When we can’t confidently infer city/metro, we still keep the job (state-level filtering matters), but we avoid over-claiming precision in metro counts.

What the distribution usually looks like

  • Big metros: widest mix (outpatient, inpatient, specialty)
  • Rural/semi-rural: fewer postings, often higher urgency and narrower candidate pools

Outpatient dominates the CA index—clinic medication management, integrated care, and community mental health appear frequently—because those orgs post continuously and across many sites.


Salary + cost of living: normalization before conclusions

California is commonly high-paying, but salary data is messy:

  • hourly vs annual
  • wide ranges (“$160k–$240k”) vs single numbers
  • missing compensation (common)

We normalize to a comparable annualized range when possible:

function annualize(amount: number, unit: "hour"|"year") {
  if (unit === "year") return amount
  return amount * 40 * 52
}

Then we store both the raw and normalized values so the UI can explain what it’s showing.

Cost of living (COL) is not a single number either; it’s region-specific. The product approach we take is: show salary when available, but keep filtering centered on role constraints (onsite vs hybrid, setting, call, population) because those are consistently present in the data.
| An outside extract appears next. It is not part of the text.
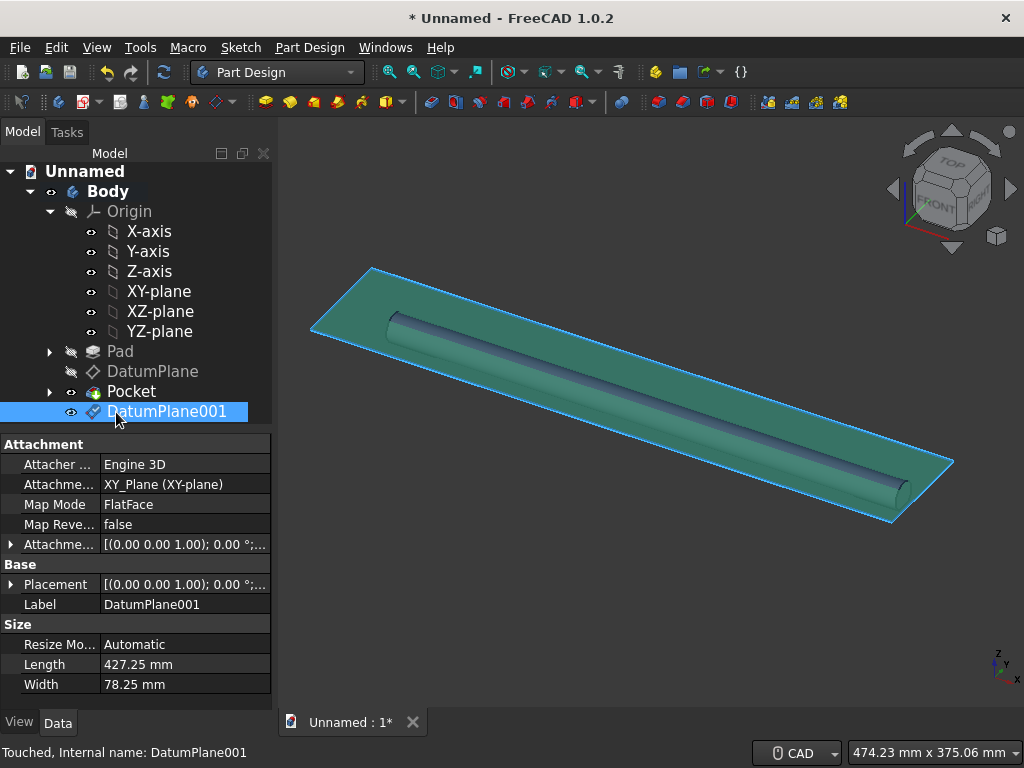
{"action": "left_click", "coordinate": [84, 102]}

Volume ≠ fit: what to infer from 693 openings

From a builder’s point of view, “highest volume” usually means:

  • more duplicates to crush
  • more employer posting patterns (waves, evergreen roles)
  • more variance in requirements (onsite-only, specific populations, credentialing timelines)

For job seekers, that translates to: some CA postings close fast because applicant volume is high; others linger because constraints are tight.
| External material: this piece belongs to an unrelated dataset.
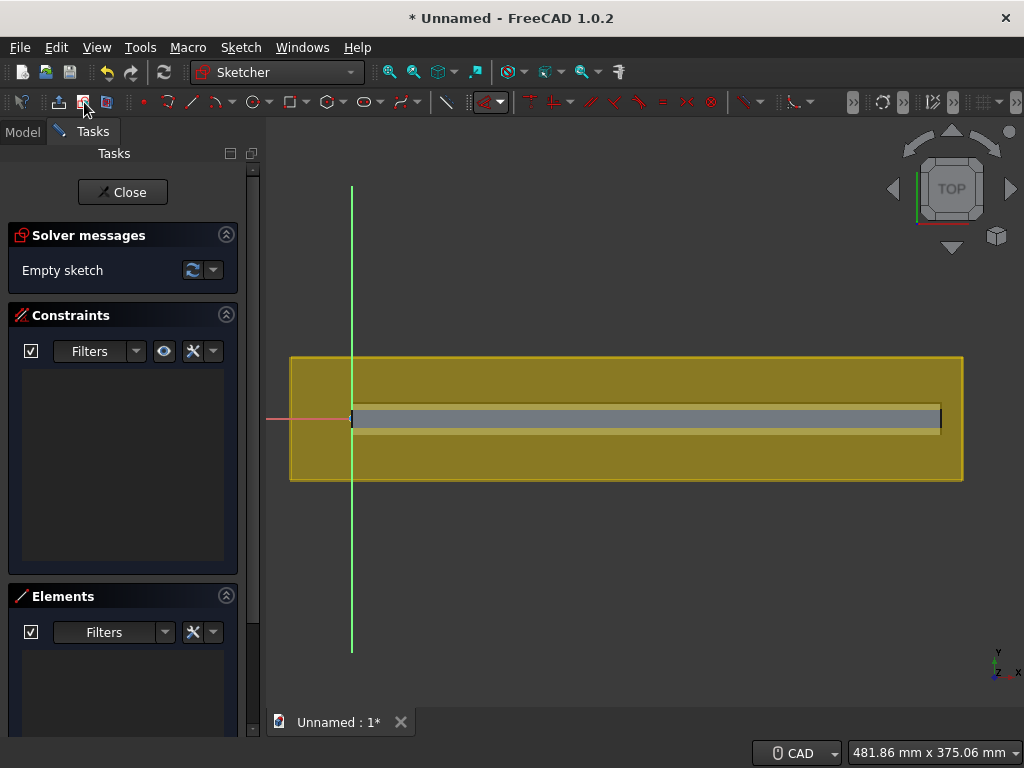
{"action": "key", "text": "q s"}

If you’re exploring CA, use the live index to filter down to the jobs that match your constraints instead of optimizing for the raw count:

  • region/commute reality
  • outpatient vs inpatient
  • remote/hybrid flags
  • salary (when present)

California leads the country in openings—but the real win is turning that noisy volume into a clean, searchable set of roles you can actually act on.